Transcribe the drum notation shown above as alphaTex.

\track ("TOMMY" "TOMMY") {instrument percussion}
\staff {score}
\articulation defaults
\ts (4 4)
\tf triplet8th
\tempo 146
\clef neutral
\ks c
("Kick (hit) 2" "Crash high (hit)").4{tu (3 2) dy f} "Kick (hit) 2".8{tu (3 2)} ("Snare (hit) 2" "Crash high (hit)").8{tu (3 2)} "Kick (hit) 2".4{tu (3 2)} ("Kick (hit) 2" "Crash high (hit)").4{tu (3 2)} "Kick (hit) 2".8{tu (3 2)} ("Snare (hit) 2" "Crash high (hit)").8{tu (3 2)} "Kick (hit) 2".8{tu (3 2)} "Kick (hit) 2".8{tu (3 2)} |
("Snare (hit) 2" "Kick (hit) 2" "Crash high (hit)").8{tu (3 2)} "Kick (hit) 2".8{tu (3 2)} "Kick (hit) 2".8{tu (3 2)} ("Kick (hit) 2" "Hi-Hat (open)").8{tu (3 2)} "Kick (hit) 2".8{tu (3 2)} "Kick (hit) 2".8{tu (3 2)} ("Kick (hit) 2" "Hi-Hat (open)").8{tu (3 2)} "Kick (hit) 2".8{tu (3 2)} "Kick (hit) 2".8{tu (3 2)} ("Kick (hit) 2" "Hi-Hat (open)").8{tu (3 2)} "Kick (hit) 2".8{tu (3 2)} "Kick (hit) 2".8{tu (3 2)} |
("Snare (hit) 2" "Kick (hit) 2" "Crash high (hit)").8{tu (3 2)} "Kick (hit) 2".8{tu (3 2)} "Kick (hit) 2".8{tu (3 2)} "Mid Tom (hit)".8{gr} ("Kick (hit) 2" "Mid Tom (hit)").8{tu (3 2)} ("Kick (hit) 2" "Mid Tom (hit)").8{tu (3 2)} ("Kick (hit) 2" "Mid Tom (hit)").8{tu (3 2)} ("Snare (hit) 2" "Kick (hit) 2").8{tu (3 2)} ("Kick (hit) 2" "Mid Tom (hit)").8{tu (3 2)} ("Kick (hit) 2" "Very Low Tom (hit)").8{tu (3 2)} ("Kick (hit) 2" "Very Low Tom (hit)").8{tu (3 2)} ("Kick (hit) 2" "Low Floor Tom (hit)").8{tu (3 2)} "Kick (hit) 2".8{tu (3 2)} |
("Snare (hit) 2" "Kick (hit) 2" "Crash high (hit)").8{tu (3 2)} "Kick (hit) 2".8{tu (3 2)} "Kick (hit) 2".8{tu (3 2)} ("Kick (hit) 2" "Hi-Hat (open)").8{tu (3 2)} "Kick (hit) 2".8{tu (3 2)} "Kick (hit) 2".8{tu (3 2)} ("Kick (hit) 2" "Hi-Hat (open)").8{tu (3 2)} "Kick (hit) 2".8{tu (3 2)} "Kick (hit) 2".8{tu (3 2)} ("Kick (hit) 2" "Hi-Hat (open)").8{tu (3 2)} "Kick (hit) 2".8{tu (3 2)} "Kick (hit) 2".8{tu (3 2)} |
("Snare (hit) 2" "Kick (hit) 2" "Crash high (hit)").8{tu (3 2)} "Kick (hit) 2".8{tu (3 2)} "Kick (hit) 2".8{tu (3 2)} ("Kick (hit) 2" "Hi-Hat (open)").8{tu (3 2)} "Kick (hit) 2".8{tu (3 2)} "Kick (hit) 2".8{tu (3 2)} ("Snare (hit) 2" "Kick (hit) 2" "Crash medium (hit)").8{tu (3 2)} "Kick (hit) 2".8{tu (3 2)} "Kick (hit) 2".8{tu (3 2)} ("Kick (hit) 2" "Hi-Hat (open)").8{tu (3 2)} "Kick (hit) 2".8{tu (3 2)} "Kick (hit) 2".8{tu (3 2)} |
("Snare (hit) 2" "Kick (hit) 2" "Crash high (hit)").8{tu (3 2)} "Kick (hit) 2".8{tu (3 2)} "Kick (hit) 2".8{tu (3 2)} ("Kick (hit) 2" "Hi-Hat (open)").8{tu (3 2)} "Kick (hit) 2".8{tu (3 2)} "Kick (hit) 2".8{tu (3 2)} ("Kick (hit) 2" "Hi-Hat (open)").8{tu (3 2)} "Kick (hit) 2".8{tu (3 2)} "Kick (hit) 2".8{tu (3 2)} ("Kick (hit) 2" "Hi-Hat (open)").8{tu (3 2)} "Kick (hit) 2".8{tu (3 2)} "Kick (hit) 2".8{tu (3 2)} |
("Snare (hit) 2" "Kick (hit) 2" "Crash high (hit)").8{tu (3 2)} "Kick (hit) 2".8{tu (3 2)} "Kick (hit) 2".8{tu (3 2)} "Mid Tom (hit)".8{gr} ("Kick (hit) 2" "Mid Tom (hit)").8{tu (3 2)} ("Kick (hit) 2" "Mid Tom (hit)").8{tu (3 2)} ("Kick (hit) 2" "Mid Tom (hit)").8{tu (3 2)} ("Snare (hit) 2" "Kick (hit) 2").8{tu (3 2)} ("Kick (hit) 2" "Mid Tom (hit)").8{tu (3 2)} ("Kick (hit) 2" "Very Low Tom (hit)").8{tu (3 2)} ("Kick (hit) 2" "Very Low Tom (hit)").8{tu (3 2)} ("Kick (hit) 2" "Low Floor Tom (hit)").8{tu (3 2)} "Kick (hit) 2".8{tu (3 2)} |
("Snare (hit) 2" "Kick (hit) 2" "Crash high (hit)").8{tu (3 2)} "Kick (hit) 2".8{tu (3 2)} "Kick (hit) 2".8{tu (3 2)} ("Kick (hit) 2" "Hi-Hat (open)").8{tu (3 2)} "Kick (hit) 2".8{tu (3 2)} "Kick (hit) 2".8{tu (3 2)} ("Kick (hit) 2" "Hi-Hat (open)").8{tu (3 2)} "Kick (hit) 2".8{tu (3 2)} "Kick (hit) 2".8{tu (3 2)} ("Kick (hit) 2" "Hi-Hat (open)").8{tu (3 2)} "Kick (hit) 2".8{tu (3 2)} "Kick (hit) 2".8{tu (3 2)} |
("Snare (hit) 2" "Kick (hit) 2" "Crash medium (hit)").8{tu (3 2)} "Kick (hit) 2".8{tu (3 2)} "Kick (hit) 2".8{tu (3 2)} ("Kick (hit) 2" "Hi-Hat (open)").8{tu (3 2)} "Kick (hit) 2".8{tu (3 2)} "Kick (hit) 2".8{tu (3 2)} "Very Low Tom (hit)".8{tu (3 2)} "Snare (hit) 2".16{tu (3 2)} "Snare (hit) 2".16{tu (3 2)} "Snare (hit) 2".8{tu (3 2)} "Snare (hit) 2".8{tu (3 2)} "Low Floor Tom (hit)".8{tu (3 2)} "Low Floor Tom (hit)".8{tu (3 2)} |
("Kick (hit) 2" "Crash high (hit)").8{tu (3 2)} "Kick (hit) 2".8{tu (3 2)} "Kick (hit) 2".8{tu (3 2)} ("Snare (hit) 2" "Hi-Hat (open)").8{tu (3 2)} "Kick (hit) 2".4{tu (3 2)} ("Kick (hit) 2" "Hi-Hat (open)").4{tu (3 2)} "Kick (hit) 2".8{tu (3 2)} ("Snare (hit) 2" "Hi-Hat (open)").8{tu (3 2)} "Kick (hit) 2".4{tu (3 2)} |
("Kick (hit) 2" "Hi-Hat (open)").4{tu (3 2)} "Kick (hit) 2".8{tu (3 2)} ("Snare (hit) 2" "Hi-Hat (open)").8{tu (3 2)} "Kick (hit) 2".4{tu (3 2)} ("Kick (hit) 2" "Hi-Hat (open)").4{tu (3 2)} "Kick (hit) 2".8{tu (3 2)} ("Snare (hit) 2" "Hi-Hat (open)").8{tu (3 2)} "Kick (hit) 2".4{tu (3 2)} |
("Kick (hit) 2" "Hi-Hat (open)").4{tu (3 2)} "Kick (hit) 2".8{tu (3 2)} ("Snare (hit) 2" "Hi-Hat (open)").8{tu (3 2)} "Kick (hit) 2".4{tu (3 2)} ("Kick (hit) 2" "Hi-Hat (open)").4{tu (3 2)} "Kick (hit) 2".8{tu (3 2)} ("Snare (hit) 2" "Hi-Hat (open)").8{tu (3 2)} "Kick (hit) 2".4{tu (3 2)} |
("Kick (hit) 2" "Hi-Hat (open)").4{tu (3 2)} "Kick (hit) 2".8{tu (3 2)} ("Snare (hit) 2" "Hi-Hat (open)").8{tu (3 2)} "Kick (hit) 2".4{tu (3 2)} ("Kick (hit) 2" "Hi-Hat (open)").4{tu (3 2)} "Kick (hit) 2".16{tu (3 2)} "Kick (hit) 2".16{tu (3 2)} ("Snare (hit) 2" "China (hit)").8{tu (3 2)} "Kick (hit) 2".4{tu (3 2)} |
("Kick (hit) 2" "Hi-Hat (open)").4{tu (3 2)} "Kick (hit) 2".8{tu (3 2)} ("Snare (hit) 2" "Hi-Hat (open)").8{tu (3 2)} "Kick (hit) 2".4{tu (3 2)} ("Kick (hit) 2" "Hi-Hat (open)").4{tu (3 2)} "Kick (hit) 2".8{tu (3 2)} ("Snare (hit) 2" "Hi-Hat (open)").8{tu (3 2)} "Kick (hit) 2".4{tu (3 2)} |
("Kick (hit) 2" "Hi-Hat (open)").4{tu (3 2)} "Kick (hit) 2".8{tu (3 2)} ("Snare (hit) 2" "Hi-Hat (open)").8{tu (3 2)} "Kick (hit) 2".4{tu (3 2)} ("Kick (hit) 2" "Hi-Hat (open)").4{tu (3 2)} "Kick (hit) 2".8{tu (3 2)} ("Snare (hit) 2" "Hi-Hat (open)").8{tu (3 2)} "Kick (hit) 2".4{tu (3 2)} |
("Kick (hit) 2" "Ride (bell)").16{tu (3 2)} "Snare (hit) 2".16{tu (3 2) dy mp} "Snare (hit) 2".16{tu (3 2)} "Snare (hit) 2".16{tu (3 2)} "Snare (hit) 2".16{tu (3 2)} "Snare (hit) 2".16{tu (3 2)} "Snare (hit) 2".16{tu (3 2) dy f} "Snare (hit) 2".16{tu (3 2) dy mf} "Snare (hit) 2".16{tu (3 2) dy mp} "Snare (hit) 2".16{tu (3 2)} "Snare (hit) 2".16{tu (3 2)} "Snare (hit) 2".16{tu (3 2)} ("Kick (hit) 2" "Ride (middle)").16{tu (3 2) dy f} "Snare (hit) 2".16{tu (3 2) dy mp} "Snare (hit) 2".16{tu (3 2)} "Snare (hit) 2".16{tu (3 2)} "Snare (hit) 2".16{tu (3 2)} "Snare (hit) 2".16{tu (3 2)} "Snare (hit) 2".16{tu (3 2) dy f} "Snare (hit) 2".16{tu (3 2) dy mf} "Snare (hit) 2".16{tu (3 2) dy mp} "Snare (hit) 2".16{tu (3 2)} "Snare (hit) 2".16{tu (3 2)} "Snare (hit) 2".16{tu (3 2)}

————

WORK INSTRUCTIONS :: Within the material, count each line that includes the word "medium", and give the total by itself.

EXERCISE RESULT :: 2